▶ Assigned task
Repeat the data word for word. Do not include the pictures.

▶ Record set
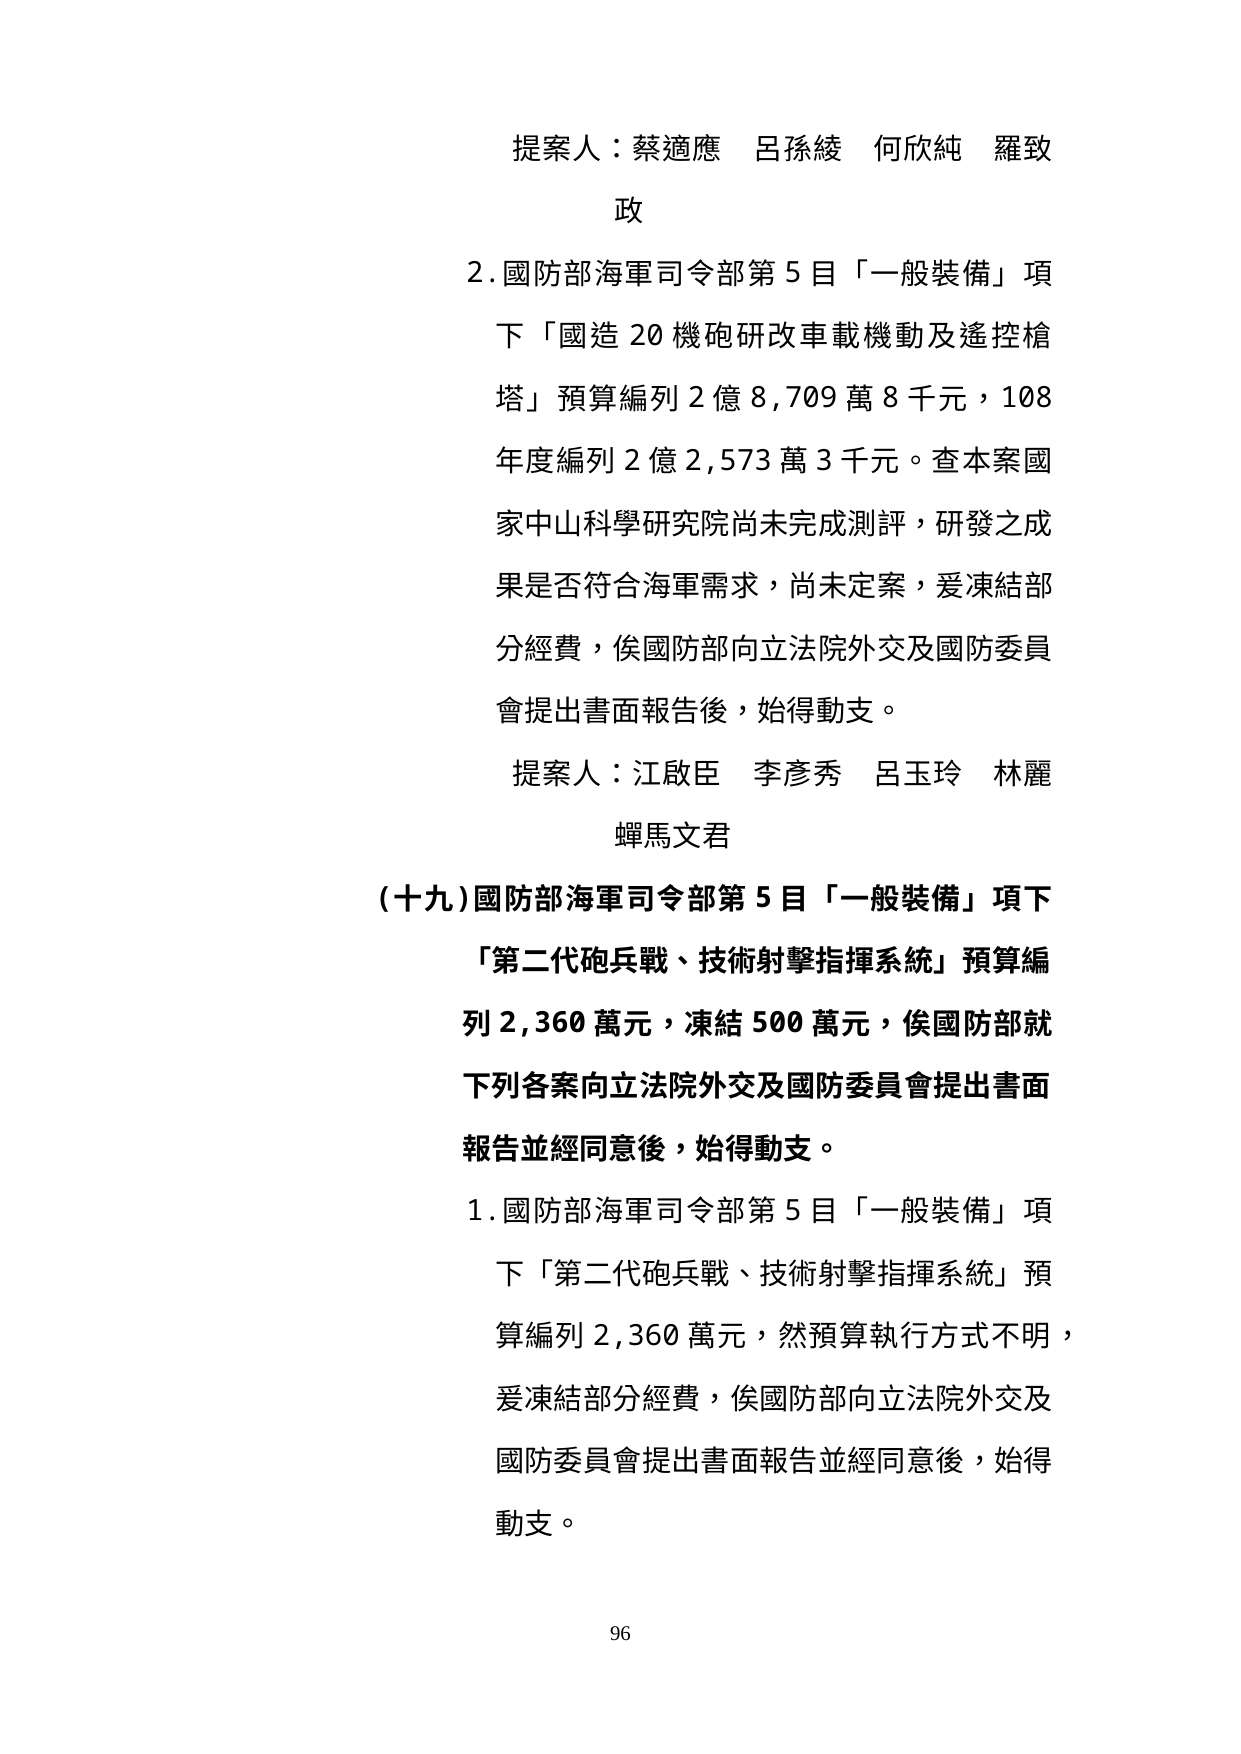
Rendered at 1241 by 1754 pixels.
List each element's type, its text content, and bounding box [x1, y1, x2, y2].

text (十九)國防部海軍司令部第5目「一般裝備」項下「第二代砲兵戰、技術射擊指揮系統」預算編列2,360萬元，凍結500萬元，俟國防部就下列各案向立法院外交及國防委員會提出書面報告並經同意後，始得動支。 [375, 855, 1053, 1167]
text 提案人：蔡適應 呂孫綾 何欣純 羅致政 [512, 105, 1053, 230]
text 2.國防部海軍司令部第5目「一般裝備」項下「國造20機砲研改車載機動及遙控槍塔」預算編列2億8,709萬8千元，108年度編列2億2,573萬3千元。查本案國家中山科學研究院尚未完成測評，研發之成果是否符合海軍需求，尚未定案，爰凍結部分經費，俟國防部向立法院外交及國防委員會提出書面報告後，始得動支。 [466, 230, 1053, 730]
text 提案人：江啟臣 李彥秀 呂玉玲 林麗蟬馬文君 [512, 730, 1053, 855]
text 1.國防部海軍司令部第5目「一般裝備」項下「第二代砲兵戰、技術射擊指揮系統」預算編列2,360萬元，然預算執行方式不明，爰凍結部分經費，俟國防部向立法院外交及國防委員會提出書面報告並經同意後，始得動支。 [466, 1167, 1053, 1542]
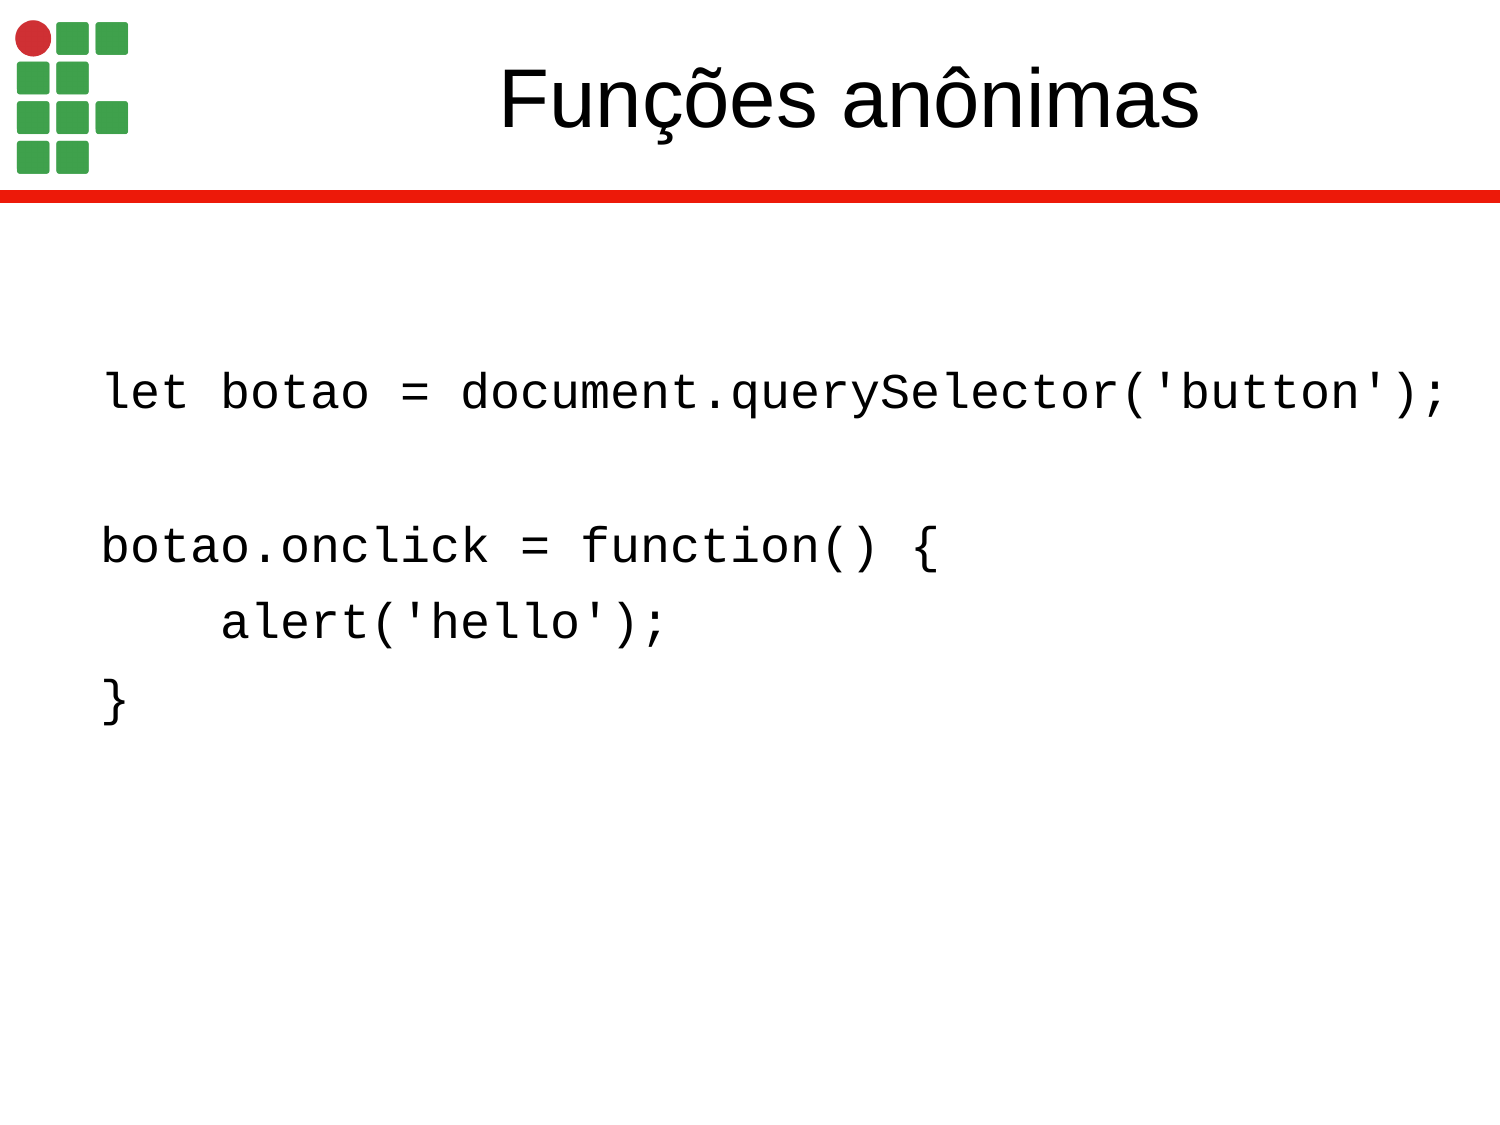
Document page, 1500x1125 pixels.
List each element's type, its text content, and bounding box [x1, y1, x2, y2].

picture [14, 16, 130, 178]
title Funções anônimas [230, 0, 1471, 202]
list let botao = document.querySelector('button'); botao.onclick = function() { alert('hello'); } [29, 207, 1471, 1087]
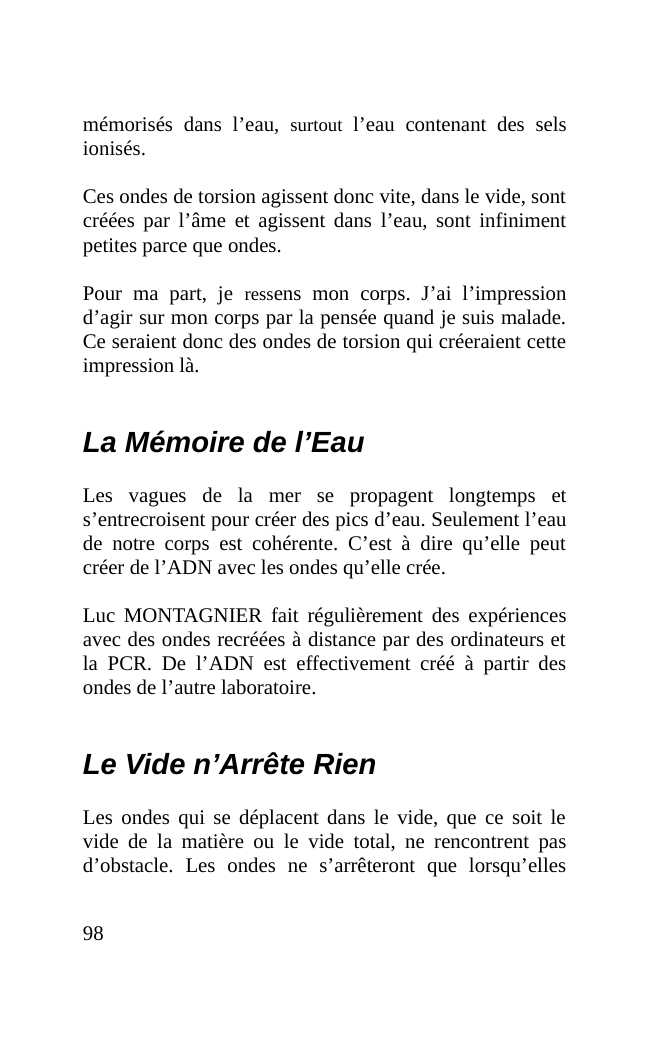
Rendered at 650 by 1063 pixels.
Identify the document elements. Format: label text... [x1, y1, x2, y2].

text Les vagues de la mer se propagent longtemps et s’entrecroisent pour créer des pics d’eau. Seulement l’eau de notre corps est cohérente. C’est à dire qu’elle peut créer de l’ADN avec les ondes qu’elle crée. [83, 483, 567, 579]
text Ces ondes de torsion agissent donc vite, dans le vide, sont créées par l’âme et agissent dans l’eau, sont infiniment petites parce que ondes. [83, 184, 567, 257]
text Luc MONTAGNIER fait régulièrement des expériences avec des ondes recréées à distance par des ordinateurs et la PCR. De l’ADN est effectivement créé à partir des ondes de l’autre laboratoire. [83, 603, 567, 699]
text mémorisés dans l’eau, surtout l’eau contenant des sels ionisés. [83, 112, 567, 160]
subtitle Le Vide n’Arrête Rien [83, 747, 567, 781]
subtitle La Mémoire de l’Eau [83, 425, 567, 458]
text Les ondes qui se déplacent dans le vide, que ce soit le vide de la matière ou le vide total, ne rencontrent pas d’obstacle. Les ondes ne s’arrêteront que lorsqu’elles [83, 805, 567, 877]
text Pour ma part, je ressens mon corps. J’ai l’impression d’agir sur mon corps par la pensée quand je suis malade. Ce seraient donc des ondes de torsion qui créeraient cette impression là. [83, 281, 567, 377]
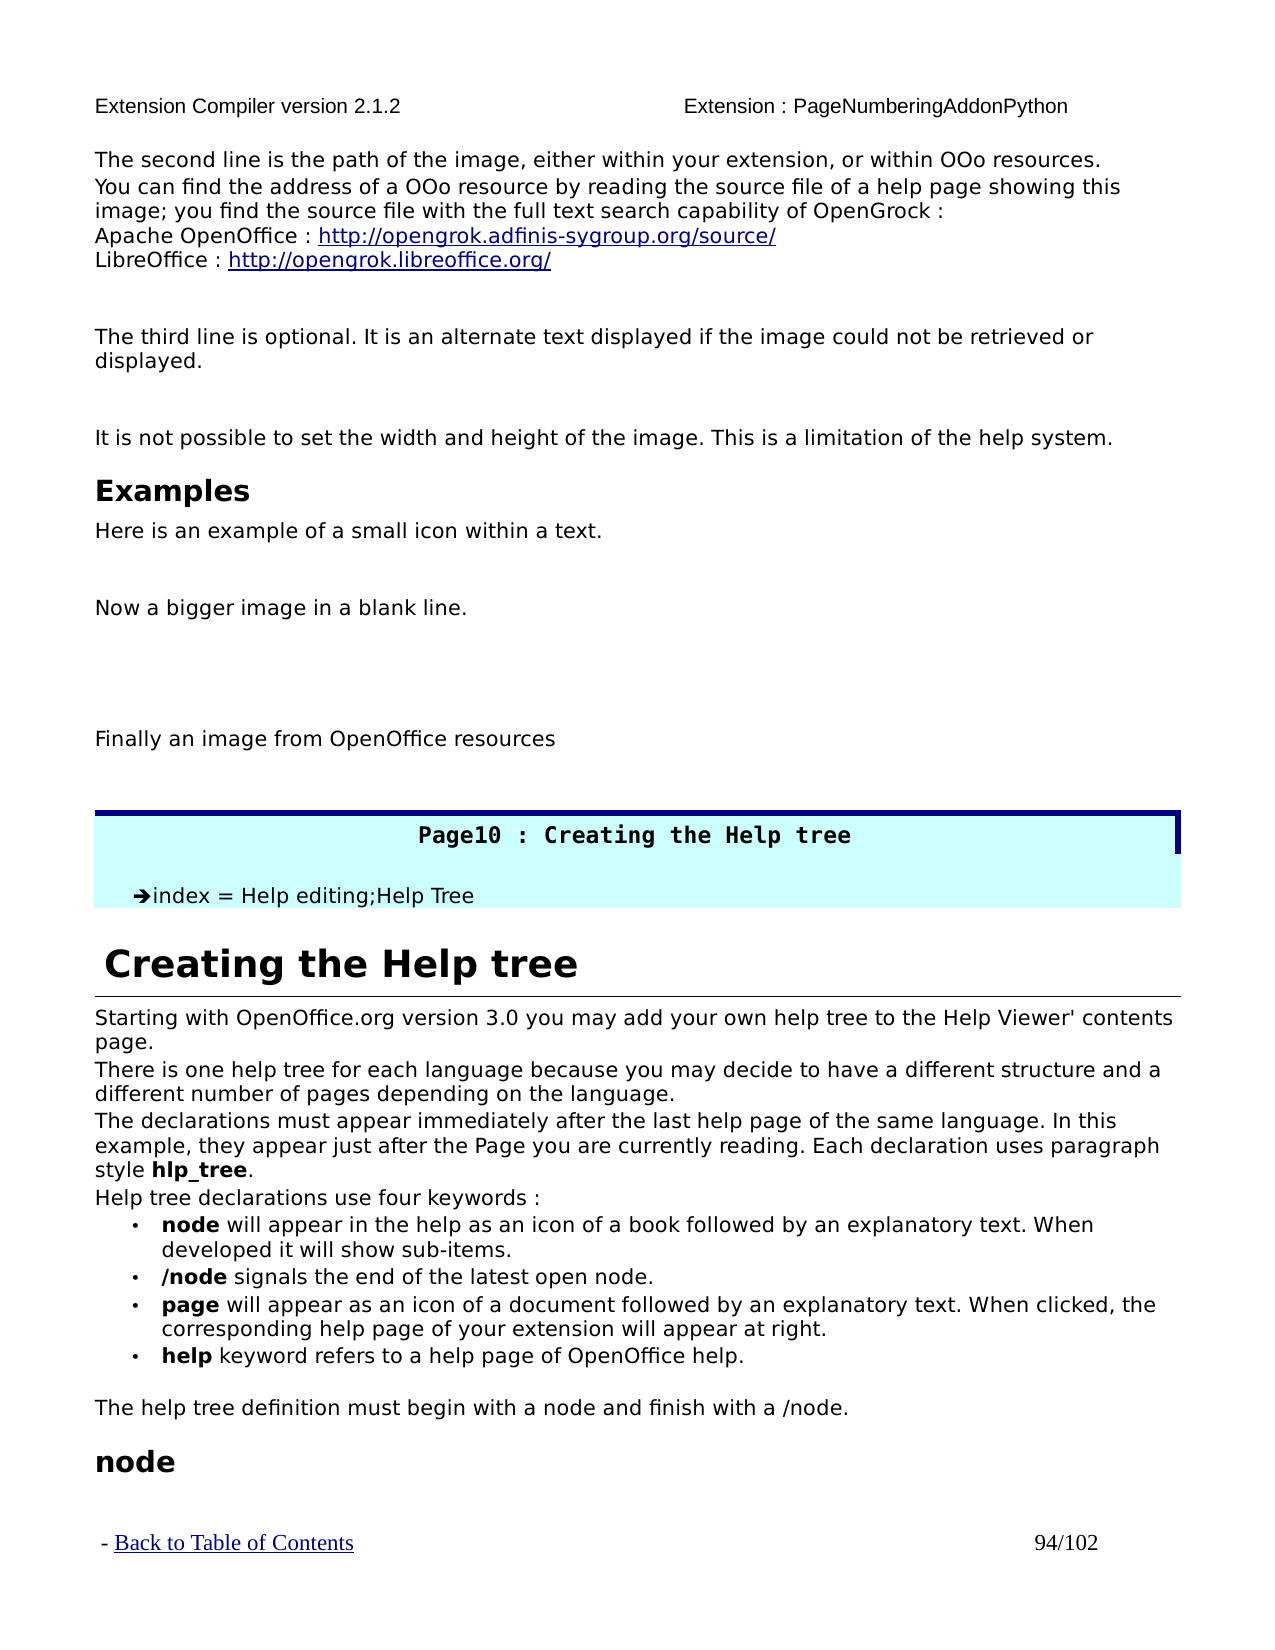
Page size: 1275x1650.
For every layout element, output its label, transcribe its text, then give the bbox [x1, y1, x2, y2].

list node will appear in the help as an icon of a book followed by an explanatory text. When developed it will show sub-items. [132, 1213, 1181, 1262]
text It is not possible to set the width and height of the image. This is a limitation of the help system. [94, 377, 1181, 450]
text Page10 : Creating the Help tree [94, 811, 1175, 854]
text Examples [94, 475, 1181, 509]
text Creating the Help tree [94, 933, 1181, 996]
text The third line is optional. It is an alternate text displayed if the image could not be retrieved or displayed. [94, 276, 1181, 374]
text Now a bigger image in a blank line. [94, 547, 1181, 620]
list /node signals the end of the latest open node. [132, 1265, 1181, 1289]
list help keyword refers to a help page of OpenOffice help. [132, 1344, 1181, 1369]
text The help tree definition must begin with a node and finish with a /node. [94, 1372, 1181, 1421]
list index = Help editing;Help Tree [94, 884, 1181, 908]
text There is one help tree for each language because you may decide to have a different structure and a different number of pages depending on the language. [94, 1058, 1181, 1107]
text Help tree declarations use four keywords : [94, 1186, 1181, 1210]
list page will appear as an icon of a document followed by an explanatory text. When clicked, the corresponding help page of your extension will appear at right. [132, 1292, 1181, 1341]
text The declarations must appear immediately after the last help page of the same language. In this example, they appear just after the Page you are currently reading. Each declaration uses paragraph style hlp_tree. [94, 1109, 1181, 1183]
text The second line is the path of the image, either within your extension, or within OOo resources. [94, 147, 1181, 172]
text Here is an example of a small icon within a text. [94, 519, 1181, 544]
text Starting with OpenOffice.org version 3.0 you may add your own help tree to the Help Viewer' contents page. [94, 1006, 1181, 1055]
text Finally an image from OpenOffice resources [94, 678, 1181, 751]
text node [94, 1446, 1181, 1479]
text You can find the address of a OOo resource by reading the source file of a help page showing this image; you find the source file with the full text search capability of OpenGrock : Apache OpenOffice : http://opengrok.adfinis-sygroup.org/source/ LibreOffice : http://opengrok.libreoffice.org/ [94, 175, 1181, 273]

▶ Solved problem
Rendered at 1241 by 1754 pixels.
List each element's type, its text content, and bounding box [x1, y1, x2, y2].

text (十九)國防部海軍司令部第5目「一般裝備」項下「第二代砲兵戰、技術射擊指揮系統」預算編列2,360萬元，凍結500萬元，俟國防部就下列各案向立法院外交及國防委員會提出書面報告並經同意後，始得動支。 [375, 855, 1053, 1167]
text 提案人：蔡適應 呂孫綾 何欣純 羅致政 [512, 105, 1053, 230]
text 2.國防部海軍司令部第5目「一般裝備」項下「國造20機砲研改車載機動及遙控槍塔」預算編列2億8,709萬8千元，108年度編列2億2,573萬3千元。查本案國家中山科學研究院尚未完成測評，研發之成果是否符合海軍需求，尚未定案，爰凍結部分經費，俟國防部向立法院外交及國防委員會提出書面報告後，始得動支。 [466, 230, 1053, 730]
text 提案人：江啟臣 李彥秀 呂玉玲 林麗蟬馬文君 [512, 730, 1053, 855]
text 1.國防部海軍司令部第5目「一般裝備」項下「第二代砲兵戰、技術射擊指揮系統」預算編列2,360萬元，然預算執行方式不明，爰凍結部分經費，俟國防部向立法院外交及國防委員會提出書面報告並經同意後，始得動支。 [466, 1167, 1053, 1542]
Document page, 1500x1125 pixels.
List each element's type, its text content, and bounding box [x1, y1, x2, y2].

picture [14, 16, 130, 178]
title Funções anônimas [230, 0, 1471, 202]
list let botao = document.querySelector('button'); botao.onclick = function() { alert('hello'); } [29, 207, 1471, 1087]
Rendered at 650 by 1063 pixels.
Identify the document elements. Format: label text... [x1, y1, x2, y2].

text Les vagues de la mer se propagent longtemps et s’entrecroisent pour créer des pics d’eau. Seulement l’eau de notre corps est cohérente. C’est à dire qu’elle peut créer de l’ADN avec les ondes qu’elle crée. [83, 483, 567, 579]
text Ces ondes de torsion agissent donc vite, dans le vide, sont créées par l’âme et agissent dans l’eau, sont infiniment petites parce que ondes. [83, 184, 567, 257]
text Luc MONTAGNIER fait régulièrement des expériences avec des ondes recréées à distance par des ordinateurs et la PCR. De l’ADN est effectivement créé à partir des ondes de l’autre laboratoire. [83, 603, 567, 699]
text mémorisés dans l’eau, surtout l’eau contenant des sels ionisés. [83, 112, 567, 160]
subtitle Le Vide n’Arrête Rien [83, 747, 567, 781]
subtitle La Mémoire de l’Eau [83, 425, 567, 458]
text Les ondes qui se déplacent dans le vide, que ce soit le vide de la matière ou le vide total, ne rencontrent pas d’obstacle. Les ondes ne s’arrêteront que lorsqu’elles [83, 805, 567, 877]
text Pour ma part, je ressens mon corps. J’ai l’impression d’agir sur mon corps par la pensée quand je suis malade. Ce seraient donc des ondes de torsion qui créeraient cette impression là. [83, 281, 567, 377]
Page size: 1275x1650.
For every layout element, output its label, transcribe its text, then give the bbox [x1, y1, x2, y2].

list node will appear in the help as an icon of a book followed by an explanatory text. When developed it will show sub-items. [132, 1213, 1181, 1262]
text It is not possible to set the width and height of the image. This is a limitation of the help system. [94, 377, 1181, 450]
text Page10 : Creating the Help tree [94, 811, 1175, 854]
text Examples [94, 475, 1181, 509]
text Creating the Help tree [94, 933, 1181, 996]
text The third line is optional. It is an alternate text displayed if the image could not be retrieved or displayed. [94, 276, 1181, 374]
text Now a bigger image in a blank line. [94, 547, 1181, 620]
list /node signals the end of the latest open node. [132, 1265, 1181, 1289]
list help keyword refers to a help page of OpenOffice help. [132, 1344, 1181, 1369]
text The help tree definition must begin with a node and finish with a /node. [94, 1372, 1181, 1421]
list index = Help editing;Help Tree [94, 884, 1181, 908]
text There is one help tree for each language because you may decide to have a different structure and a different number of pages depending on the language. [94, 1058, 1181, 1107]
text Help tree declarations use four keywords : [94, 1186, 1181, 1210]
list page will appear as an icon of a document followed by an explanatory text. When clicked, the corresponding help page of your extension will appear at right. [132, 1292, 1181, 1341]
text The declarations must appear immediately after the last help page of the same language. In this example, they appear just after the Page you are currently reading. Each declaration uses paragraph style hlp_tree. [94, 1109, 1181, 1183]
text The second line is the path of the image, either within your extension, or within OOo resources. [94, 147, 1181, 172]
text Here is an example of a small icon within a text. [94, 519, 1181, 544]
text Starting with OpenOffice.org version 3.0 you may add your own help tree to the Help Viewer' contents page. [94, 1006, 1181, 1055]
text Finally an image from OpenOffice resources [94, 678, 1181, 751]
text node [94, 1446, 1181, 1479]
text You can find the address of a OOo resource by reading the source file of a help page showing this image; you find the source file with the full text search capability of OpenGrock : Apache OpenOffice : http://opengrok.adfinis-sygroup.org/source/ LibreOffice : http://opengrok.libreoffice.org/ [94, 175, 1181, 273]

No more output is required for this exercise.